Freedom Holding’s Ecosystem: Kazakhstan’s Model Within a Global Trend
Freedom Holding Corp. is a U.S.-listed diversified financial services holding company with operations spanning brokerage, investment research, investment banking and underwriting, mortgages, insurance, and consumer banking. The company states that Kazakhstan is its main market and that it operates through subsidiaries in 21 countries.
In its latest available FY2026 results, for the third quarter and nine months ended December 31, 2025, Freedom Holding Corp. reported total revenue of $628.6 million for Q3 FY2026 and $1.68 billion for the first nine months of FY2026. Net income was $76.2 million for the quarter and $145.4 million for the nine-month period. As of December 31, 2025, total assets stood at $12.38 billion, up from $9.91 billion on March 31, 2025.
A key element of the model is the transition from a brokerage business into an everyday-services platform.

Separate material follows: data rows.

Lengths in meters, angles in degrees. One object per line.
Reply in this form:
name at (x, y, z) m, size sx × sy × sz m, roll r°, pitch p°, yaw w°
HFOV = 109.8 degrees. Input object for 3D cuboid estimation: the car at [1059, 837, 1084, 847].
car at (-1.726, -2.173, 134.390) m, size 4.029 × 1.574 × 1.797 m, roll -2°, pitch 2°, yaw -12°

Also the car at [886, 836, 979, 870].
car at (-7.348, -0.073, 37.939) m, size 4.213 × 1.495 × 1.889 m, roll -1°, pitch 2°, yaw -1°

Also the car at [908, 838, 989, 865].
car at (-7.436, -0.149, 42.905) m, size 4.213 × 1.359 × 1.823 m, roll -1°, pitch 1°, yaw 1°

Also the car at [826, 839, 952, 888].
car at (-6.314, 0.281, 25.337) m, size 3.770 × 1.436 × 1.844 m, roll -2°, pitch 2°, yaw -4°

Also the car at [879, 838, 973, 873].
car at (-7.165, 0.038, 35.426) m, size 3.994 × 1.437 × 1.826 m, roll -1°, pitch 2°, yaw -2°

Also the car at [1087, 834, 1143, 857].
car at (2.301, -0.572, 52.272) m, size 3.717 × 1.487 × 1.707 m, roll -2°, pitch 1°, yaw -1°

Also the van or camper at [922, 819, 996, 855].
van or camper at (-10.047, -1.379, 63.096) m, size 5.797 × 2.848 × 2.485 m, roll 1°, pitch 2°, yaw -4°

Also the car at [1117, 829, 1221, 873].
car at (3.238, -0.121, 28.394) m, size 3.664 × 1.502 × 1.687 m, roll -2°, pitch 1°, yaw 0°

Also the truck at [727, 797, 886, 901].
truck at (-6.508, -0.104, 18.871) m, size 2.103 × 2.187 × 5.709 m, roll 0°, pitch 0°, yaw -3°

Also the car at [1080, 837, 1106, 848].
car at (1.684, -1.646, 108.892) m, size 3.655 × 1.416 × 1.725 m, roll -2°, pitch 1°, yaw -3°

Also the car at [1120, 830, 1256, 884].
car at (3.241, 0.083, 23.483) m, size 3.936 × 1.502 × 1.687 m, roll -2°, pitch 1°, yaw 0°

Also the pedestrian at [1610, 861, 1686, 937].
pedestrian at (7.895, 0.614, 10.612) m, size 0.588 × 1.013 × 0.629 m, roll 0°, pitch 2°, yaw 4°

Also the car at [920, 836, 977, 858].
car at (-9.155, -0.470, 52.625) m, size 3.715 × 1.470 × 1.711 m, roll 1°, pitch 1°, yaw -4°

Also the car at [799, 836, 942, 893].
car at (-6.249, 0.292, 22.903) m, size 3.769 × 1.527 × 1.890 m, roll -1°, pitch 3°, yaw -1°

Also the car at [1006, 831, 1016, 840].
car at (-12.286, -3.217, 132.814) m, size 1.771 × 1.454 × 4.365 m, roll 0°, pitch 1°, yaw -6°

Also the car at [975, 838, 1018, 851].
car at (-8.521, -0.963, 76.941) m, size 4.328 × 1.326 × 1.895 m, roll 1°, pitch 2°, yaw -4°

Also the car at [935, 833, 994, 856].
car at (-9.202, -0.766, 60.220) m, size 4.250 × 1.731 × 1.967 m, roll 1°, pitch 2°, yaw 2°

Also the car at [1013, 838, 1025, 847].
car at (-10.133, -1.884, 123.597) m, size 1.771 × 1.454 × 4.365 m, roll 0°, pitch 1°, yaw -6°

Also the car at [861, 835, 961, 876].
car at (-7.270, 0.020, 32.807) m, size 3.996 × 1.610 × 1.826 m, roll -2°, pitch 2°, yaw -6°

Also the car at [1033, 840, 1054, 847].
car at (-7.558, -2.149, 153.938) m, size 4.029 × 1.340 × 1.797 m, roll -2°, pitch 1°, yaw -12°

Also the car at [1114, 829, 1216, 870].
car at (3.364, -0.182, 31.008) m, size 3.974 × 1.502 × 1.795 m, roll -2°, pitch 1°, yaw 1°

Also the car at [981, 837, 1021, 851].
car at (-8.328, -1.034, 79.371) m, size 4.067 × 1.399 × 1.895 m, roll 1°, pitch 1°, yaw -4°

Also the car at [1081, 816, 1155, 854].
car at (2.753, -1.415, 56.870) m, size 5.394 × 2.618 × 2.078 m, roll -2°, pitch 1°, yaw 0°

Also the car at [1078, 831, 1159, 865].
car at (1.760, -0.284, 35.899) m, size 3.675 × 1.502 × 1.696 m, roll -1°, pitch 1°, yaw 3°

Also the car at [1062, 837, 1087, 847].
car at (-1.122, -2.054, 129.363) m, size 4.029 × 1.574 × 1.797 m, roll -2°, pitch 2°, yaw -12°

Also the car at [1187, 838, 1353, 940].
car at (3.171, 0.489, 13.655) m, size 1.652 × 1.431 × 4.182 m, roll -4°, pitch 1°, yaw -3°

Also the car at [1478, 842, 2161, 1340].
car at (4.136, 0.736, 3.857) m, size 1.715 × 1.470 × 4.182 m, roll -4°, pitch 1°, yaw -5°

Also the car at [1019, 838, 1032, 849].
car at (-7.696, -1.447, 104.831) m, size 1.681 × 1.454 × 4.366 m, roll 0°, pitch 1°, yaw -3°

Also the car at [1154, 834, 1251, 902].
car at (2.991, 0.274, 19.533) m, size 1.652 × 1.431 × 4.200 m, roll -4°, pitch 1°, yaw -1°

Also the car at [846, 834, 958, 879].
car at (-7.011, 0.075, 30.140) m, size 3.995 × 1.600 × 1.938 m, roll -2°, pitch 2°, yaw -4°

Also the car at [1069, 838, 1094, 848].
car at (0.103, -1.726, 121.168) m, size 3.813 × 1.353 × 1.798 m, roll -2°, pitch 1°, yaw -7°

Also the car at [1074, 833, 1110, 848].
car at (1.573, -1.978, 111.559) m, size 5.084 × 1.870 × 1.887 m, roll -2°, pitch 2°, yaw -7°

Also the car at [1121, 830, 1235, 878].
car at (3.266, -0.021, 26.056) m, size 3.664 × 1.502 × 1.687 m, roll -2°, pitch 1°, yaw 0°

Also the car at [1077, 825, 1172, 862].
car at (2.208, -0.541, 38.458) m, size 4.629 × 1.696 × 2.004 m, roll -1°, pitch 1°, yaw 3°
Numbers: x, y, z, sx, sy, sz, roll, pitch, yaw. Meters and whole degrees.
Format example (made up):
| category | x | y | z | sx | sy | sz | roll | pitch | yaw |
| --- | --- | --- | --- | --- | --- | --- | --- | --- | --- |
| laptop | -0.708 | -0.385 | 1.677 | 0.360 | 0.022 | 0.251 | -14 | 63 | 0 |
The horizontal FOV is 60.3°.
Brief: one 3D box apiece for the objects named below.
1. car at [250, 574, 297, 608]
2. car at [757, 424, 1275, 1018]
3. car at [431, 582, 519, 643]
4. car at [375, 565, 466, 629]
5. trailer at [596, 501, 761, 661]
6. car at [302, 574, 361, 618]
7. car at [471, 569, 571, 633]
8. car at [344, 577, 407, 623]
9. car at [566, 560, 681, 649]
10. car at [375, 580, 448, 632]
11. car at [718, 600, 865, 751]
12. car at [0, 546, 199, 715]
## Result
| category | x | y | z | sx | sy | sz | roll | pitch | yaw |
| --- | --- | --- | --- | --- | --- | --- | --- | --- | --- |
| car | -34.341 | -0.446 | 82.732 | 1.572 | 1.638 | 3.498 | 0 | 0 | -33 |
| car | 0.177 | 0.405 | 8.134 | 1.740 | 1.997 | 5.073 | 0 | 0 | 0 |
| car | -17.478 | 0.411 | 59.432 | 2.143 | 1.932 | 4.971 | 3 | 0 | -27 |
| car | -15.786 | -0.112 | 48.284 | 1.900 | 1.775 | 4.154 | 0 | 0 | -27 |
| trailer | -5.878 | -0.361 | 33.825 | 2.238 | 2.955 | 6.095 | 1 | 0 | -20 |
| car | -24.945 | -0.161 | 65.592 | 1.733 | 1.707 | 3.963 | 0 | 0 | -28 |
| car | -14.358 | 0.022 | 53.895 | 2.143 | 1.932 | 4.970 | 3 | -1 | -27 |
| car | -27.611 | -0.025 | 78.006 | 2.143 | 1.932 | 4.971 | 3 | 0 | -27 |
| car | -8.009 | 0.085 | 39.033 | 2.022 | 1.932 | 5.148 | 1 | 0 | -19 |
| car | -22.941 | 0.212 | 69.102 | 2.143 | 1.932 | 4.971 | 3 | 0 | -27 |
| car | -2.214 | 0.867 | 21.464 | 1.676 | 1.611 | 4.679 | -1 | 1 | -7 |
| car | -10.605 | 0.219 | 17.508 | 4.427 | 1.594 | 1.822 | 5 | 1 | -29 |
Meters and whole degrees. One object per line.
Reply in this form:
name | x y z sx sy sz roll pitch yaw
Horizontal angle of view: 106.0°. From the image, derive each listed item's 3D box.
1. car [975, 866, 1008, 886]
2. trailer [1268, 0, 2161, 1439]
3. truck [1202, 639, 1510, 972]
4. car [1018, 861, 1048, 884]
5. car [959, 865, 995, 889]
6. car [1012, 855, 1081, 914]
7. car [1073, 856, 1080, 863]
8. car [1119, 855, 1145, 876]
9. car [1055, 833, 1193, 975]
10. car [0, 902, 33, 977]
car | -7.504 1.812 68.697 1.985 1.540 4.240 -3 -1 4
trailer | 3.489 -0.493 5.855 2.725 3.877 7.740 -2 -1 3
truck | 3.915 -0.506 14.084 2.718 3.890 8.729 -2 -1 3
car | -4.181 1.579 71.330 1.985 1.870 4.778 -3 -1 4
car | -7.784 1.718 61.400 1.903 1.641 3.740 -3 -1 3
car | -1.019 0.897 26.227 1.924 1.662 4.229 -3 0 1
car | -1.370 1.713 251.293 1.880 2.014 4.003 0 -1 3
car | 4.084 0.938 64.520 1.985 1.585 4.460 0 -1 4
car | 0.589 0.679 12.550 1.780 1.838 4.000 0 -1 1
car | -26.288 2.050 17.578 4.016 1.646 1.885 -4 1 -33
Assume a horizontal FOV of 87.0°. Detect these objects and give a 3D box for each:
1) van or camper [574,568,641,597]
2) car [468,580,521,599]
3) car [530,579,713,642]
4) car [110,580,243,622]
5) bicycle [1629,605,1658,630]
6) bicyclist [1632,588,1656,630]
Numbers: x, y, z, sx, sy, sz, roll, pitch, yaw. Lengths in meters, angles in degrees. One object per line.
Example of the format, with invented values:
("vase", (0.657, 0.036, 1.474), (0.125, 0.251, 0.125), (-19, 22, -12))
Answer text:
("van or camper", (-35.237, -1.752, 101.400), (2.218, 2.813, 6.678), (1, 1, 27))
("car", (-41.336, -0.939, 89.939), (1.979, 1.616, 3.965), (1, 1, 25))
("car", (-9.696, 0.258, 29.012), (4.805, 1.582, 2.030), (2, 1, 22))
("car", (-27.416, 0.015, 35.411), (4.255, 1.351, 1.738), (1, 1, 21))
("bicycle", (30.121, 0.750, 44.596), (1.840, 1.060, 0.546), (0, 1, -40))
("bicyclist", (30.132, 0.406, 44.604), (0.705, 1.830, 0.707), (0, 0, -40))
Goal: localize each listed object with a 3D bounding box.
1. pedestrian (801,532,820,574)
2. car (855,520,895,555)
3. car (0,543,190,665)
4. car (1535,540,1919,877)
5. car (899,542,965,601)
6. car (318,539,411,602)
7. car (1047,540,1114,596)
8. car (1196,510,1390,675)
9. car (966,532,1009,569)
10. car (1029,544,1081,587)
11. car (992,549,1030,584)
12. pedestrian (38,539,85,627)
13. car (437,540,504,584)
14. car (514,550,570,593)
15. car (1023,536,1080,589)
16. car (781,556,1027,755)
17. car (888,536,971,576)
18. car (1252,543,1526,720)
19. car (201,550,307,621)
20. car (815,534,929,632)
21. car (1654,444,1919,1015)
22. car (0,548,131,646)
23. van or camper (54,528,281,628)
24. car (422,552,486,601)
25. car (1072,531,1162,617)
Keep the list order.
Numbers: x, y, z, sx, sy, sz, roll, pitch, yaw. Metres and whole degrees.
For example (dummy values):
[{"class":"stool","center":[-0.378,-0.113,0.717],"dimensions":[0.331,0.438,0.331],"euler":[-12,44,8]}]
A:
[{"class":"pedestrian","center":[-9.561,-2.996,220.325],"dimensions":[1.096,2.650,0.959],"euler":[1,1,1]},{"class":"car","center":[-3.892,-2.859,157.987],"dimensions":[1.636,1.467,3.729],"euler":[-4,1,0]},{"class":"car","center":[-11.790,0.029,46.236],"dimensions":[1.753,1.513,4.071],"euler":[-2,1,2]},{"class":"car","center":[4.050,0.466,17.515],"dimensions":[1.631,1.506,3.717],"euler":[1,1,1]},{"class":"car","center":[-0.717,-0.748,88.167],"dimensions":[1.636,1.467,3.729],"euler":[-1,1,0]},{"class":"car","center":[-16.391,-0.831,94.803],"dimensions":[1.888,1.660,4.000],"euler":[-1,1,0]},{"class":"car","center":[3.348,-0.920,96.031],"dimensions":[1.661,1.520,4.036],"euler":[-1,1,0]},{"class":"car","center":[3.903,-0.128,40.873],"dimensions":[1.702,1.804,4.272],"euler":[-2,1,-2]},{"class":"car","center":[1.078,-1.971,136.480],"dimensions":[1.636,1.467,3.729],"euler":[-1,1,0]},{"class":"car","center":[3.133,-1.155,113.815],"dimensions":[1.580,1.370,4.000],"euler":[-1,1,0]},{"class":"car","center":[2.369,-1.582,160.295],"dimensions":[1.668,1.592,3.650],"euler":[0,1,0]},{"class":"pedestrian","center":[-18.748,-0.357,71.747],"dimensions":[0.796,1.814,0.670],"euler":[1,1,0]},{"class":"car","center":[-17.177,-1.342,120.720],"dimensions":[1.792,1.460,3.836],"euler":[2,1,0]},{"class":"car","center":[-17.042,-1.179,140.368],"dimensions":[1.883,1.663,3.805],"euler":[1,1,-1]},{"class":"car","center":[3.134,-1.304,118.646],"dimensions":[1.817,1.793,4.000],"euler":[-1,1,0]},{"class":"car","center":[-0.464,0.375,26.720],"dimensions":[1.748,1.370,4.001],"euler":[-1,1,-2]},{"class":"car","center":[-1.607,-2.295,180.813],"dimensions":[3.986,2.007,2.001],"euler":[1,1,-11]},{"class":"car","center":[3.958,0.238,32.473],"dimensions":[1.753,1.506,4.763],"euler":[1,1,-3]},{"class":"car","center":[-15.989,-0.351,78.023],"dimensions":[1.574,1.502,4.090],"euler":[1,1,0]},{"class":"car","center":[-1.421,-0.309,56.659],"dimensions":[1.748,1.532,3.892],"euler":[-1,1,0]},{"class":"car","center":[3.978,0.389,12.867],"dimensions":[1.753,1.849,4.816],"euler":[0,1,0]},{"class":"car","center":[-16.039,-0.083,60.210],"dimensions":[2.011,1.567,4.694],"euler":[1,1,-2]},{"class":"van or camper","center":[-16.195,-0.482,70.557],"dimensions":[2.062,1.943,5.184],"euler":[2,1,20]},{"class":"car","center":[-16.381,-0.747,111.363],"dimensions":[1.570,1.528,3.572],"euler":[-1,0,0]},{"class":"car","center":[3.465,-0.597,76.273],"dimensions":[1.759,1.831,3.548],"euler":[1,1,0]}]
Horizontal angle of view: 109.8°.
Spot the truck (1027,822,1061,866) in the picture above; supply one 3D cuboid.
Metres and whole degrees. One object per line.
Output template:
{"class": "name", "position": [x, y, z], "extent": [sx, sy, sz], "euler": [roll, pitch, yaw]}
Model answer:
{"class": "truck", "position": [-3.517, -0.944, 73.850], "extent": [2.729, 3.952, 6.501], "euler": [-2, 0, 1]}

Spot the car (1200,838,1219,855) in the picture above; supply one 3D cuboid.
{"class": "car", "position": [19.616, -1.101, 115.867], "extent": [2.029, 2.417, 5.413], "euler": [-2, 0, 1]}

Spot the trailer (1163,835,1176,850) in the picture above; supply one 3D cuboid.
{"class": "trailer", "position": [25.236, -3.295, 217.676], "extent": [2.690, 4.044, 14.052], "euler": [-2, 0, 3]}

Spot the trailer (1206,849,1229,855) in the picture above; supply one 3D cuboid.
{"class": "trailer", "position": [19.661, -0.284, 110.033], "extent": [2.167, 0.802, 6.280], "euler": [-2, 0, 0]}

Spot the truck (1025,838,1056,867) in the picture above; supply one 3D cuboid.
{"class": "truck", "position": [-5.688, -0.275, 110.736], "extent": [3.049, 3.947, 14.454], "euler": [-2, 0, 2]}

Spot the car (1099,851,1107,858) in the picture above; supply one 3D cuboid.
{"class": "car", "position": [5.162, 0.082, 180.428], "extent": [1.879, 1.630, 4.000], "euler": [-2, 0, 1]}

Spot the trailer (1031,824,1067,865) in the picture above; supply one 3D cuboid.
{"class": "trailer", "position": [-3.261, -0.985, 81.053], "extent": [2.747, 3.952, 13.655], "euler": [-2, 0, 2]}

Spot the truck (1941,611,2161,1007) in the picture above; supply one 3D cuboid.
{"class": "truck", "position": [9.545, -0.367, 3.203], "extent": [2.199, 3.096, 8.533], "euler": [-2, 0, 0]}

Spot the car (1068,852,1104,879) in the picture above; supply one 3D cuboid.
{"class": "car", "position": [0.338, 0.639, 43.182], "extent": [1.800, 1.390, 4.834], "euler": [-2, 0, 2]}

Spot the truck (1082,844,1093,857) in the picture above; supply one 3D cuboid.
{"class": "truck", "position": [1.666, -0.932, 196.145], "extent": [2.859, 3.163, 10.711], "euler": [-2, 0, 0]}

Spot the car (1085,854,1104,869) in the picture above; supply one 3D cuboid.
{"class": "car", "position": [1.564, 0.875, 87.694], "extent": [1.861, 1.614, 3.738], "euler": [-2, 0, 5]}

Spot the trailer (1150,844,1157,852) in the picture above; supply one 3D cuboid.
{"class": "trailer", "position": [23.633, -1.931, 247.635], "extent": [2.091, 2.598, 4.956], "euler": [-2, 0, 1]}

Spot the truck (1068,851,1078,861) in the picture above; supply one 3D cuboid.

Freedom SuperApp brings together payments, transfers, cards, deposits, loans, brokerage accounts, insurance, more than 12 public services, and airline and train tickets. The company is also developing a separate social component within the app: Freedom SuperApp is building a media ecosystem and its own social network, as well as the social-commerce platform Freedom Lenta.
“Value is created not in individual products, but in the connections between them. The more points at which you are present in a person’s life, the greater their trust, the deeper their engagement, and the more stable your position. This is what an ecosystem is. Not in the marketing sense – almost every fintech startup uses this word now. But in the real sense: a system where elements reinforce each other and create value that none of them could create individually,” Timur Turlov says.
Freedom Holding Corp. is also focused on expanding its Kazakhstani ecosystem model into other markets. The company has already received a banking license in Georgia and agreed to acquire a bank in Turkey, where it plans to develop its digital ecosystem. Expansion in Europe is also on the company’s agenda.
“This is what we are striving for. Presence in life, not in a transaction. Of course, this is more difficult than doing just one thing. It requires more competencies, managerial maturity, and, ultimately, more patience. But the potential value created is incomparably higher,” Timur Turlov notes.